◆ Your instructions: Nothing but the lines below from the one that contains "The image size" through the one that contains "Viewport: 1307px width, 924px height." should be retyped, exactly and including both ends. Do not include pictures.

◆ Data shown:
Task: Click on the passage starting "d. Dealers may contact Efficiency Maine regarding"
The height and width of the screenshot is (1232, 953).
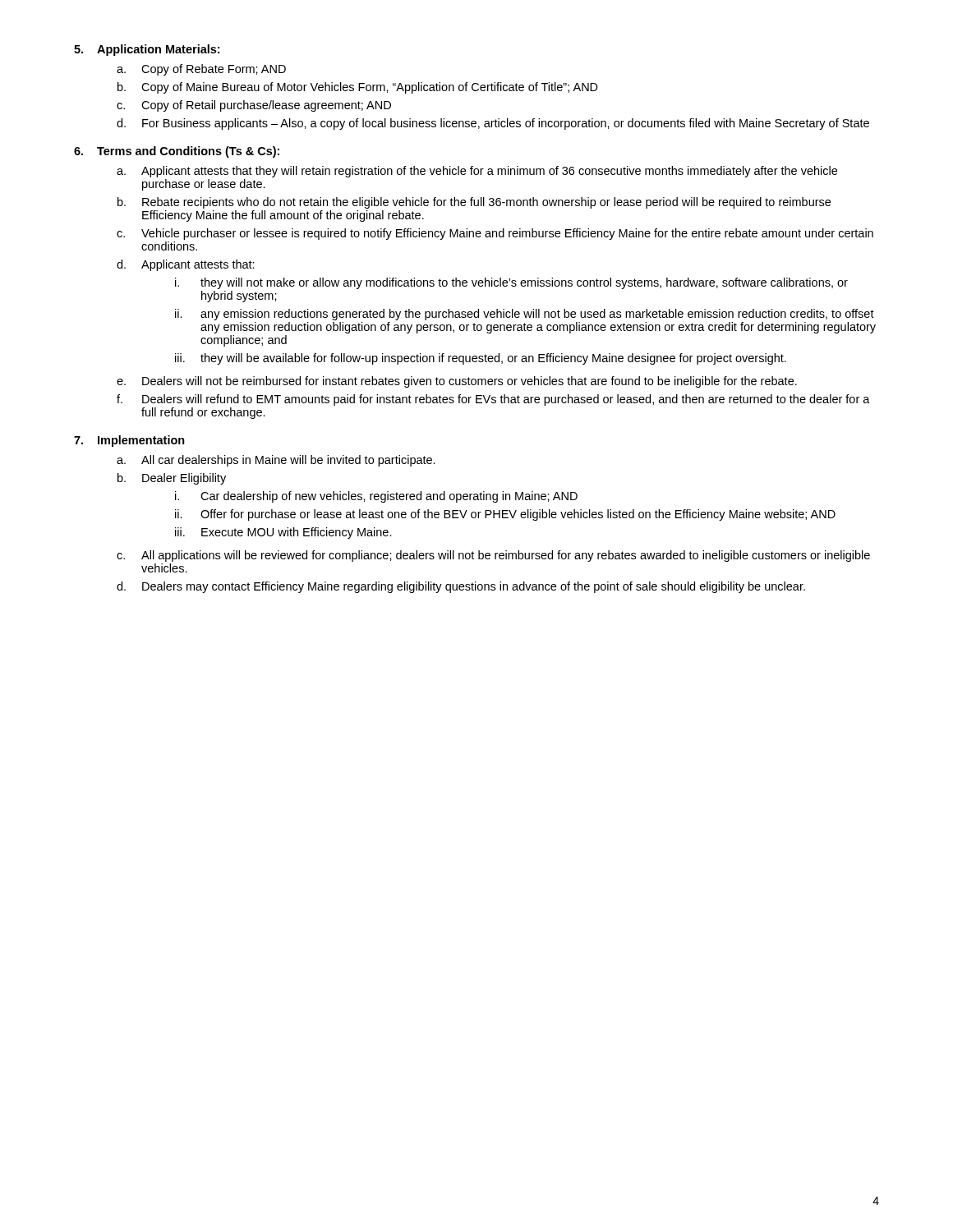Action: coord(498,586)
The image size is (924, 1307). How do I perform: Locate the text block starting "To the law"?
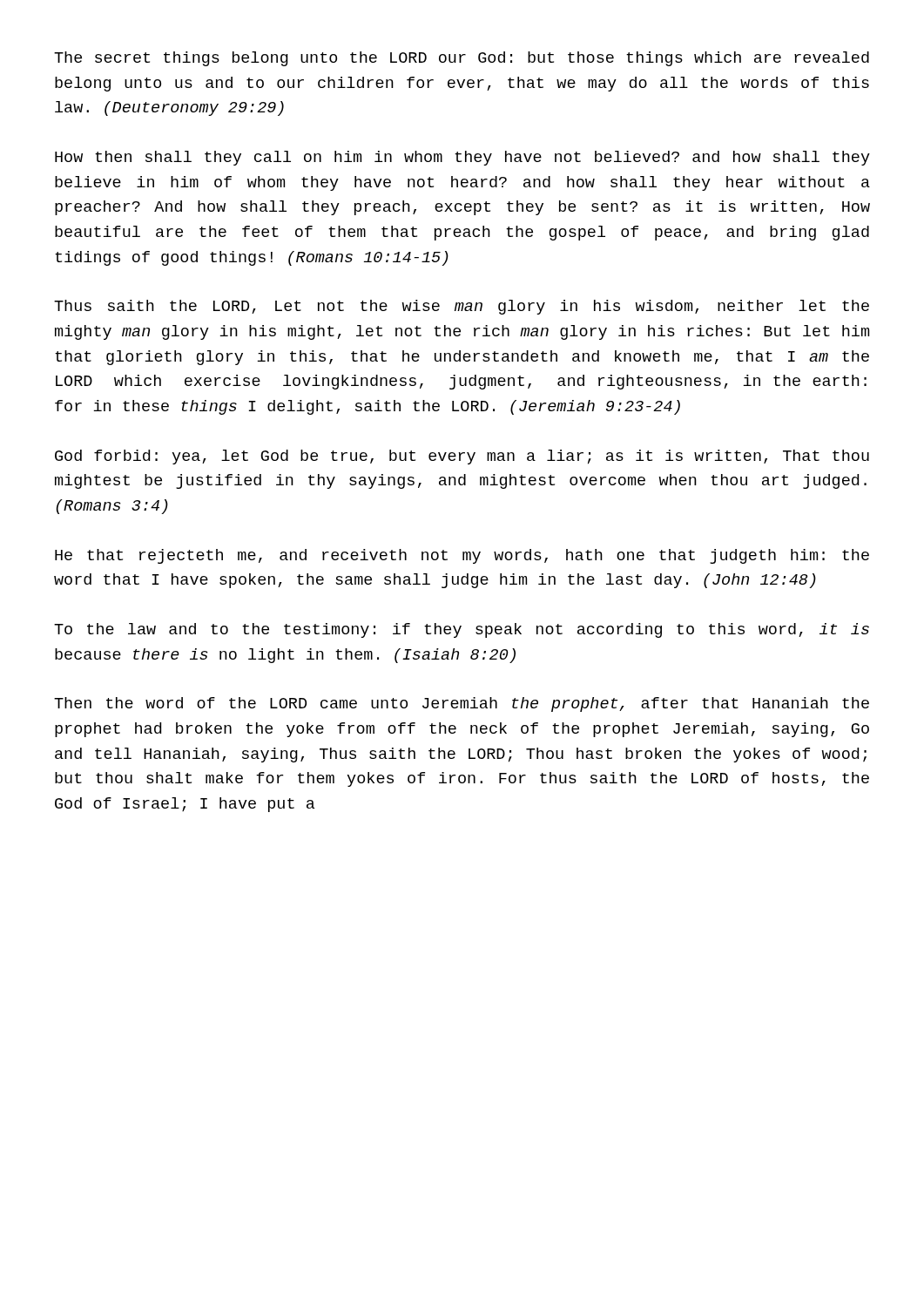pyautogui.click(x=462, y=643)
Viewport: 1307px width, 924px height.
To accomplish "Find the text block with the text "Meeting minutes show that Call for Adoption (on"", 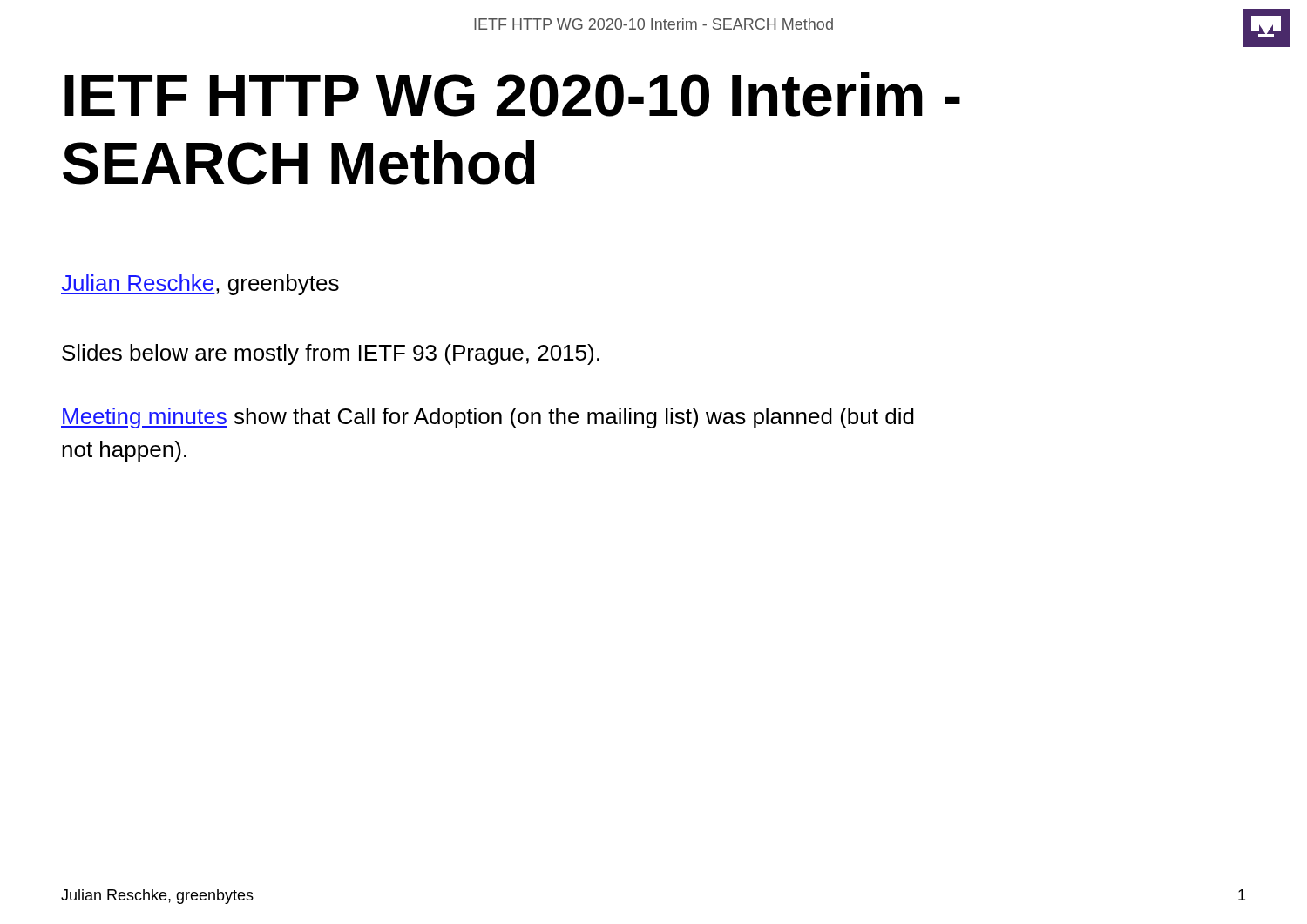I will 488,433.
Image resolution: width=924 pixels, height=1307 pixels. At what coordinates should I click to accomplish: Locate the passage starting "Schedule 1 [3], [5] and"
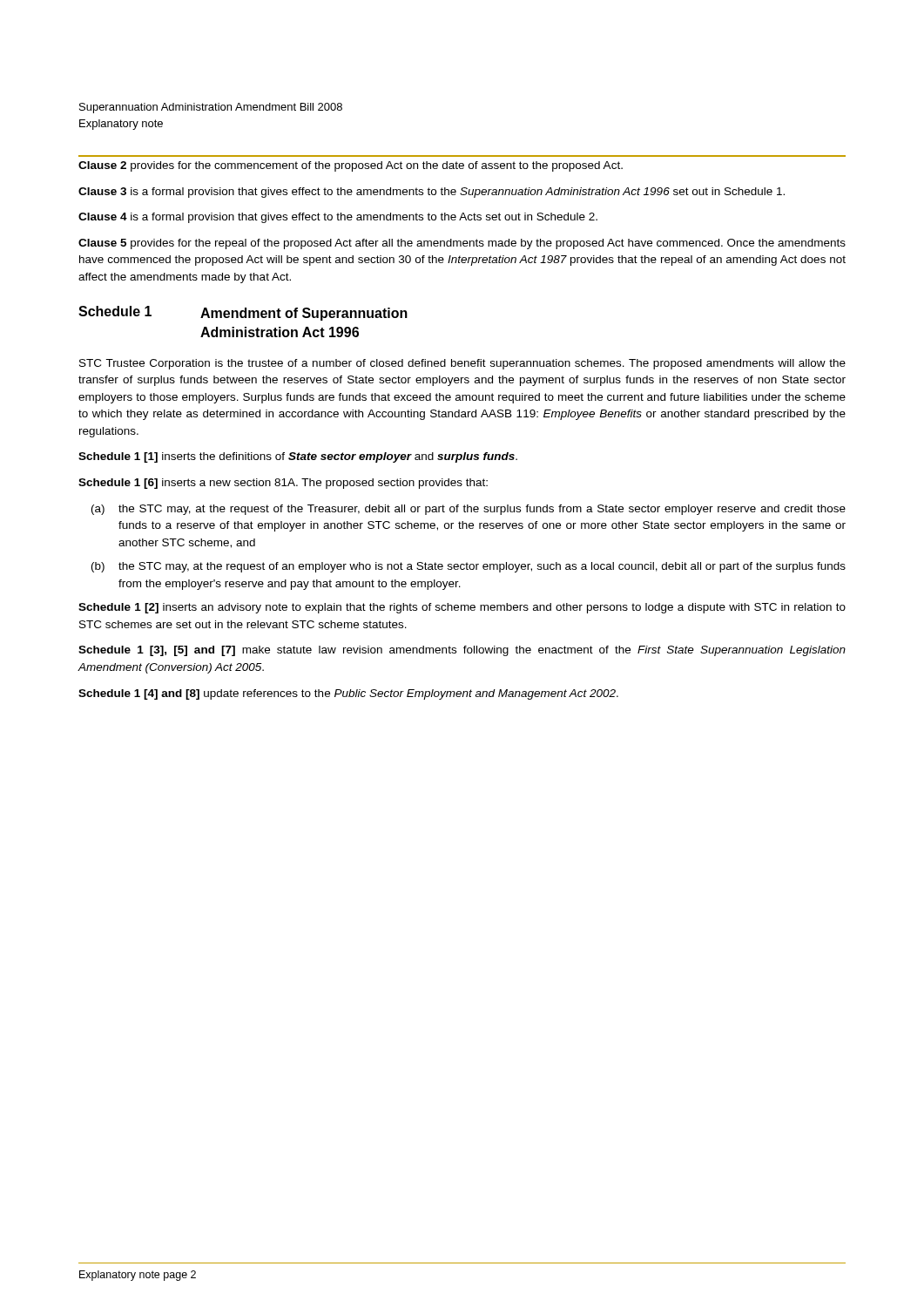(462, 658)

◆ Exercise output:
The image size is (924, 1307). How do I perform: Locate the text block starting "To the law"?
pyautogui.click(x=462, y=643)
Viewport: 1307px width, 924px height.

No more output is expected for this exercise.